Back to List Archive

Re: Memory issues even with -e

From: José Manuel Ruiz <jmruiz(at)>
Date: Thu Oct 14 2004 - 08:43:52 GMT
Bill Moseley escribió:

>On Wed, Oct 13, 2004 at 08:57:44AM -0700, Tuc wrote:
>>	I'm trying to index a few large sites, which I copy locally using
>>"webcopy". Once I finish the copy, I run it with "-e" . It ran for 12 or so
>12 hours is a long time to wait.
>Are you indexing large files, or just a lot of files?
>>	I saw that I could do it by individual directory, then use the "-M"
>>to merge, or allow the searches to use "-f". I think that if I do the "-M"
>>that even with "-e" it will cause the memory allocation issue. And I'm 
>>afraid with the "-f" that the search will take too long to join them all.
>I'm not sure if -M will help that much.  You may find the memory
>requirements are similar.
>Using -f with multiple indexes shouldn't be that much slower.  There's
>the overhead of opening the extra indexes.  If you keep the indexes
>open between requests then you can avoid that.  Searching will be
>somewhat slower than searching a single index, but I wouldn't expect
>much.  If you try and sort by a property other than rank and output a
>large result set than that can be slower -- swish has to read the
>property file for each result in that case.
>Maybe Jose will have more to offer.  You could also try using a
>development snapshot (swish-daily build) -- I think Jose has done dome
>work on the indexing code.
>Jose, would you think the btree backend would deal with the large data
>sets any better?

12 hours is a long time. I usually index every day 200000 docs in 1 hour 
(Prog method, Pentium IV 1 Ghz, 2 GB RAM).
So I supose that Tuc's machine is paging but he probably is already 
aware of this. So, it is hard to find a solution. I have tried several
things as Bill knows. Word data is compressed in memory while is being 
read. -e just swaps this data to several files on disk.

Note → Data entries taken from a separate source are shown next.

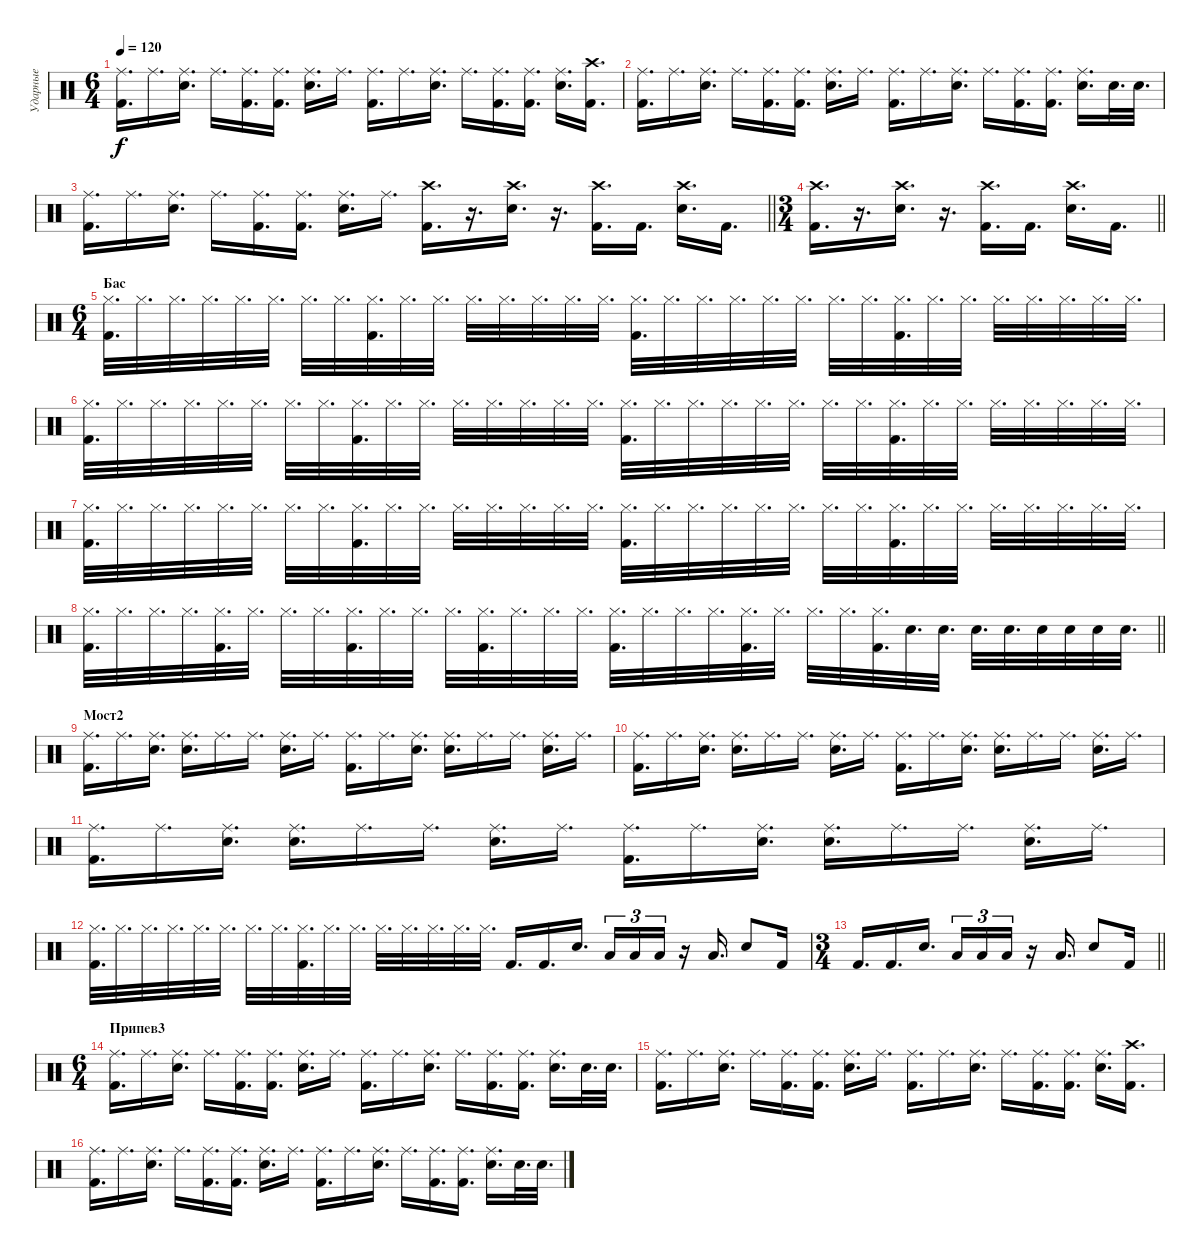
\track ("Ударные" "Ударные") {instrument percussion}
\staff {score}
\articulation defaults
\ts (6 4)
\tempo 120
\clef neutral
\ks c
("Ride (middle)" "Kick (hit) 2").16{d dy f} "Ride (middle)".16{d} ("Ride (middle)" "Electric Snare (hit)").16{d} "Ride (middle)".16{d} ("Ride (middle)" "Kick (hit) 2").16{d} ("Ride (middle)" "Kick (hit) 2").16{d} ("Ride (middle)" "Electric Snare (hit)").16{d} "Ride (middle)".16{d} ("Ride (middle)" "Kick (hit) 2").16{d} "Ride (middle)".16{d} ("Ride (middle)" "Electric Snare (hit)").16{d} "Ride (middle)".16{d} ("Ride (middle)" "Kick (hit) 2").16{d} ("Ride (middle)" "Kick (hit) 2").16{d} ("Ride (middle)" "Electric Snare (hit)").16{d} ("Crash high (hit)" "Kick (hit) 2").16{d} |
("Ride (middle)" "Kick (hit) 2").16{d} "Ride (middle)".16{d} ("Ride (middle)" "Electric Snare (hit)").16{d} "Ride (middle)".16{d} ("Ride (middle)" "Kick (hit) 2").16{d} ("Ride (middle)" "Kick (hit) 2").16{d} ("Ride (middle)" "Electric Snare (hit)").16{d} "Ride (middle)".16{d} ("Ride (middle)" "Kick (hit) 2").16{d} "Ride (middle)".16{d} ("Ride (middle)" "Electric Snare (hit)").16{d} "Ride (middle)".16{d} ("Ride (middle)" "Kick (hit) 2").16{d} ("Ride (middle)" "Kick (hit) 2").16{d} ("Ride (middle)" "Electric Snare (hit)").16{d} "Electric Snare (hit)".32{d} "Electric Snare (hit)".32{d} |
\barLineRight lightlight
("Ride (middle)" "Kick (hit) 2").16{d} "Ride (middle)".16{d} ("Ride (middle)" "Electric Snare (hit)").16{d} "Ride (middle)".16{d} ("Ride (middle)" "Kick (hit) 2").16{d} ("Ride (middle)" "Kick (hit) 2").16{d} ("Ride (middle)" "Electric Snare (hit)").16{d} "Ride (middle)".16{d} ("Crash high (hit)" "Kick (hit) 2").16{d} r.16{d} ("Crash high (hit)" "Electric Snare (hit)").16{d} r.16{d} ("Crash high (hit)" "Kick (hit) 2").16{d} "Kick (hit) 2".16{d} ("Crash high (hit)" "Electric Snare (hit)").16{d} "Kick (hit) 2".16{d} |
\ts (3 4)
\barLineRight lightlight
("Crash high (hit)" "Kick (hit) 2").16{d} r.16{d} ("Crash high (hit)" "Electric Snare (hit)").16{d} r.16{d} ("Crash high (hit)" "Kick (hit) 2").16{d} "Kick (hit) 2".16{d} ("Crash high (hit)" "Electric Snare (hit)").16{d} "Kick (hit) 2".16{d} |
\ts (6 4)
\section ("" "Бас")
("Hi-Hat (closed)" "Kick (hit) 2").32{d} "Hi-Hat (closed)".32{d} "Hi-Hat (closed)".32{d} "Hi-Hat (closed)".32{d} "Hi-Hat (closed)".32{d} "Hi-Hat (closed)".32{d} "Hi-Hat (closed)".32{d} "Hi-Hat (closed)".32{d} ("Hi-Hat (closed)" "Kick (hit) 2").32{d} "Hi-Hat (closed)".32{d} "Hi-Hat (closed)".32{d} "Hi-Hat (closed)".32{d} "Hi-Hat (closed)".32{d} "Hi-Hat (closed)".32{d} "Hi-Hat (closed)".32{d} "Hi-Hat (closed)".32{d} ("Hi-Hat (closed)" "Kick (hit) 2").32{d} "Hi-Hat (closed)".32{d} "Hi-Hat (closed)".32{d} "Hi-Hat (closed)".32{d} "Hi-Hat (closed)".32{d} "Hi-Hat (closed)".32{d} "Hi-Hat (closed)".32{d} "Hi-Hat (closed)".32{d} ("Hi-Hat (closed)" "Kick (hit) 2").32{d} "Hi-Hat (closed)".32{d} "Hi-Hat (closed)".32{d} "Hi-Hat (closed)".32{d} "Hi-Hat (closed)".32{d} "Hi-Hat (closed)".32{d} "Hi-Hat (closed)".32{d} "Hi-Hat (closed)".32{d} |
("Hi-Hat (closed)" "Kick (hit) 2").32{d} "Hi-Hat (closed)".32{d} "Hi-Hat (closed)".32{d} "Hi-Hat (closed)".32{d} "Hi-Hat (closed)".32{d} "Hi-Hat (closed)".32{d} "Hi-Hat (closed)".32{d} "Hi-Hat (closed)".32{d} ("Hi-Hat (closed)" "Kick (hit) 2").32{d} "Hi-Hat (closed)".32{d} "Hi-Hat (closed)".32{d} "Hi-Hat (closed)".32{d} "Hi-Hat (closed)".32{d} "Hi-Hat (closed)".32{d} "Hi-Hat (closed)".32{d} "Hi-Hat (closed)".32{d} ("Hi-Hat (closed)" "Kick (hit) 2").32{d} "Hi-Hat (closed)".32{d} "Hi-Hat (closed)".32{d} "Hi-Hat (closed)".32{d} "Hi-Hat (closed)".32{d} "Hi-Hat (closed)".32{d} "Hi-Hat (closed)".32{d} "Hi-Hat (closed)".32{d} ("Hi-Hat (closed)" "Kick (hit) 2").32{d} "Hi-Hat (closed)".32{d} "Hi-Hat (closed)".32{d} "Hi-Hat (closed)".32{d} "Hi-Hat (closed)".32{d} "Hi-Hat (closed)".32{d} "Hi-Hat (closed)".32{d} "Hi-Hat (closed)".32{d} |
("Hi-Hat (closed)" "Kick (hit) 2").32{d} "Hi-Hat (closed)".32{d} "Hi-Hat (closed)".32{d} "Hi-Hat (closed)".32{d} "Hi-Hat (closed)".32{d} "Hi-Hat (closed)".32{d} "Hi-Hat (closed)".32{d} "Hi-Hat (closed)".32{d} ("Hi-Hat (closed)" "Kick (hit) 2").32{d} "Hi-Hat (closed)".32{d} "Hi-Hat (closed)".32{d} "Hi-Hat (closed)".32{d} "Hi-Hat (closed)".32{d} "Hi-Hat (closed)".32{d} "Hi-Hat (closed)".32{d} "Hi-Hat (closed)".32{d} ("Hi-Hat (closed)" "Kick (hit) 2").32{d} "Hi-Hat (closed)".32{d} "Hi-Hat (closed)".32{d} "Hi-Hat (closed)".32{d} "Hi-Hat (closed)".32{d} "Hi-Hat (closed)".32{d} "Hi-Hat (closed)".32{d} "Hi-Hat (closed)".32{d} ("Hi-Hat (closed)" "Kick (hit) 2").32{d} "Hi-Hat (closed)".32{d} "Hi-Hat (closed)".32{d} "Hi-Hat (closed)".32{d} "Hi-Hat (closed)".32{d} "Hi-Hat (closed)".32{d} "Hi-Hat (closed)".32{d} "Hi-Hat (closed)".32{d} |
\barLineRight lightlight
("Hi-Hat (closed)" "Kick (hit) 2").32{d} "Hi-Hat (closed)".32{d} "Hi-Hat (closed)".32{d} "Hi-Hat (closed)".32{d} ("Hi-Hat (closed)" "Kick (hit) 2").32{d} "Hi-Hat (closed)".32{d} "Hi-Hat (closed)".32{d} "Hi-Hat (closed)".32{d} ("Hi-Hat (closed)" "Kick (hit) 2").32{d} "Hi-Hat (closed)".32{d} "Hi-Hat (closed)".32{d} "Hi-Hat (closed)".32{d} ("Hi-Hat (closed)" "Kick (hit) 2").32{d} "Hi-Hat (closed)".32{d} "Hi-Hat (closed)".32{d} "Hi-Hat (closed)".32{d} ("Hi-Hat (closed)" "Kick (hit) 2").32{d} "Hi-Hat (closed)".32{d} "Hi-Hat (closed)".32{d} "Hi-Hat (closed)".32{d} ("Hi-Hat (closed)" "Kick (hit) 2").32{d} "Hi-Hat (closed)".32{d} "Hi-Hat (closed)".32{d} "Hi-Hat (closed)".32{d} ("Hi-Hat (closed)" "Kick (hit) 2").32{d} "Electric Snare (hit)".32{d} "Electric Snare (hit)".32{d} "Electric Snare (hit)".32{d} "Electric Snare (hit)".32{d} "Electric Snare (hit)".32 "Electric Snare (hit)".32 "Electric Snare (hit)".32 "Electric Snare (hit)".32{d} |
\section ("" "Мост2")
("Ride (middle)" "Kick (hit) 2").16{d} "Ride (middle)".16{d} ("Ride (middle)" "Electric Snare (hit)").16{d} ("Ride (middle)" "Electric Snare (hit)").16{d} "Ride (middle)".16{d} "Ride (middle)".16{d} ("Ride (middle)" "Electric Snare (hit)").16{d} "Ride (middle)".16{d} ("Ride (middle)" "Kick (hit) 2").16{d} "Ride (middle)".16{d} ("Ride (middle)" "Electric Snare (hit)").16{d} ("Ride (middle)" "Electric Snare (hit)").16{d} "Ride (middle)".16{d} "Ride (middle)".16{d} ("Ride (middle)" "Electric Snare (hit)").16{d} "Ride (middle)".16{d} |
("Ride (middle)" "Kick (hit) 2").16{d} "Ride (middle)".16{d} ("Ride (middle)" "Electric Snare (hit)").16{d} ("Ride (middle)" "Electric Snare (hit)").16{d} "Ride (middle)".16{d} "Ride (middle)".16{d} ("Ride (middle)" "Electric Snare (hit)").16{d} "Ride (middle)".16{d} ("Ride (middle)" "Kick (hit) 2").16{d} "Ride (middle)".16{d} ("Ride (middle)" "Electric Snare (hit)").16{d} ("Ride (middle)" "Electric Snare (hit)").16{d} "Ride (middle)".16{d} "Ride (middle)".16{d} ("Ride (middle)" "Electric Snare (hit)").16{d} "Ride (middle)".16{d} |
("Ride (middle)" "Kick (hit) 2").16{d} "Ride (middle)".16{d} ("Ride (middle)" "Electric Snare (hit)").16{d} ("Ride (middle)" "Electric Snare (hit)").16{d} "Ride (middle)".16{d} "Ride (middle)".16{d} ("Ride (middle)" "Electric Snare (hit)").16{d} "Ride (middle)".16{d} ("Ride (middle)" "Kick (hit) 2").16{d} "Ride (middle)".16{d} ("Ride (middle)" "Electric Snare (hit)").16{d} ("Ride (middle)" "Electric Snare (hit)").16{d} "Ride (middle)".16{d} "Ride (middle)".16{d} ("Ride (middle)" "Electric Snare (hit)").16{d} "Ride (middle)".16{d} |
("Hi-Hat (closed)" "Kick (hit) 2").32{d} "Hi-Hat (closed)".32{d} "Hi-Hat (closed)".32{d} "Hi-Hat (closed)".32{d} "Hi-Hat (closed)".32{d} "Hi-Hat (closed)".32{d} "Hi-Hat (closed)".32{d} "Hi-Hat (closed)".32{d} ("Hi-Hat (closed)" "Kick (hit) 2").32{d} "Hi-Hat (closed)".32{d} "Hi-Hat (closed)".32{d} "Hi-Hat (closed)".32{d} "Hi-Hat (closed)".32{d} "Hi-Hat (closed)".32{d} "Hi-Hat (closed)".32{d} "Hi-Hat (closed)".32{d} "Kick (hit) 2".16{d} "Kick (hit) 2".16{d} "Electric Snare (hit)".16{d beam splitsecondary} "Low Floor Tom (hit)".16{tu (3 2)} "Low Floor Tom (hit)".16{tu (3 2)} "Low Floor Tom (hit)".16{tu (3 2)} r.16 "Low Tom (hit)".16{d} "Electric Snare (hit)".8 "Kick (hit) 2".16 |
\ts (3 4)
\barLineRight lightlight "Kick (hit) 2".16{d} "Kick (hit) 2".16{d} "Electric Snare (hit)".16{d} "Low Floor Tom (hit)".16{tu (3 2)} "Low Floor Tom (hit)".16{tu (3 2)} "Low Floor Tom (hit)".16{tu (3 2)}
r.16 "Low Tom (hit)".16{d} "Electric Snare (hit)".8 "Kick (hit) 2".16 |
\ts (6 4)
\section ("" "Припев3")
("Ride (middle)" "Kick (hit) 2").16{d} "Ride (middle)".16{d} ("Ride (middle)" "Electric Snare (hit)").16{d} "Ride (middle)".16{d} ("Ride (middle)" "Kick (hit) 2").16{d} ("Ride (middle)" "Kick (hit) 2").16{d} ("Ride (middle)" "Electric Snare (hit)").16{d} "Ride (middle)".16{d} ("Ride (middle)" "Kick (hit) 2").16{d} "Ride (middle)".16{d} ("Ride (middle)" "Electric Snare (hit)").16{d} "Ride (middle)".16{d} ("Ride (middle)" "Kick (hit) 2").16{d} ("Ride (middle)" "Kick (hit) 2").16{d} ("Ride (middle)" "Electric Snare (hit)").16{d} "Electric Snare (hit)".32{d} "Electric Snare (hit)".32{d} |
("Ride (middle)" "Kick (hit) 2").16{d} "Ride (middle)".16{d} ("Ride (middle)" "Electric Snare (hit)").16{d} "Ride (middle)".16{d} ("Ride (middle)" "Kick (hit) 2").16{d} ("Ride (middle)" "Kick (hit) 2").16{d} ("Ride (middle)" "Electric Snare (hit)").16{d} "Ride (middle)".16{d} ("Ride (middle)" "Kick (hit) 2").16{d} "Ride (middle)".16{d} ("Ride (middle)" "Electric Snare (hit)").16{d} "Ride (middle)".16{d} ("Ride (middle)" "Kick (hit) 2").16{d} ("Ride (middle)" "Kick (hit) 2").16{d} ("Ride (middle)" "Electric Snare (hit)").16{d} ("Crash high (hit)" "Kick (hit) 2").16{d} |
("Ride (middle)" "Kick (hit) 2").16{d} "Ride (middle)".16{d} ("Ride (middle)" "Electric Snare (hit)").16{d} "Ride (middle)".16{d} ("Ride (middle)" "Kick (hit) 2").16{d} ("Ride (middle)" "Kick (hit) 2").16{d} ("Ride (middle)" "Electric Snare (hit)").16{d} "Ride (middle)".16{d} ("Ride (middle)" "Kick (hit) 2").16{d} "Ride (middle)".16{d} ("Ride (middle)" "Electric Snare (hit)").16{d} "Ride (middle)".16{d} ("Ride (middle)" "Kick (hit) 2").16{d} ("Ride (middle)" "Kick (hit) 2").16{d} ("Ride (middle)" "Electric Snare (hit)").16{d} "Electric Snare (hit)".32{d} "Electric Snare (hit)".32{d}

The btree backend uses the same schema. The only thing that changes is 
how data is stored in the index. In the code this means
a few changes in db_native.c but not in the main core index code. But 
btree allows incremental indexing... So, perhaps, Tuc can
index chunk1 and then update the index with chunk2 and so on. I have not 
made huge tests with this situation but I know some
people using it. There is a con, of course: The index files can be 
fragmented after dozen (?) of update operations.

swish-e -c my.config -i site1
swish-e -c my.config -i site1 -u

Anyway, I recomend the use of 2.5. The index code has some updates not 
present in 2.4 because, mainly for the largefile support.
Oops!!! I supose that Tuc's index file is less than 2GB, right?

Now, I am ending a very important project for my company. Hope that in 
two or three of weeks I could go back to the btreee
code to optimize it (and some of  the Peter's problems with merge and 
new rank schema).

Received on Thu Oct 14 01:44:03 2004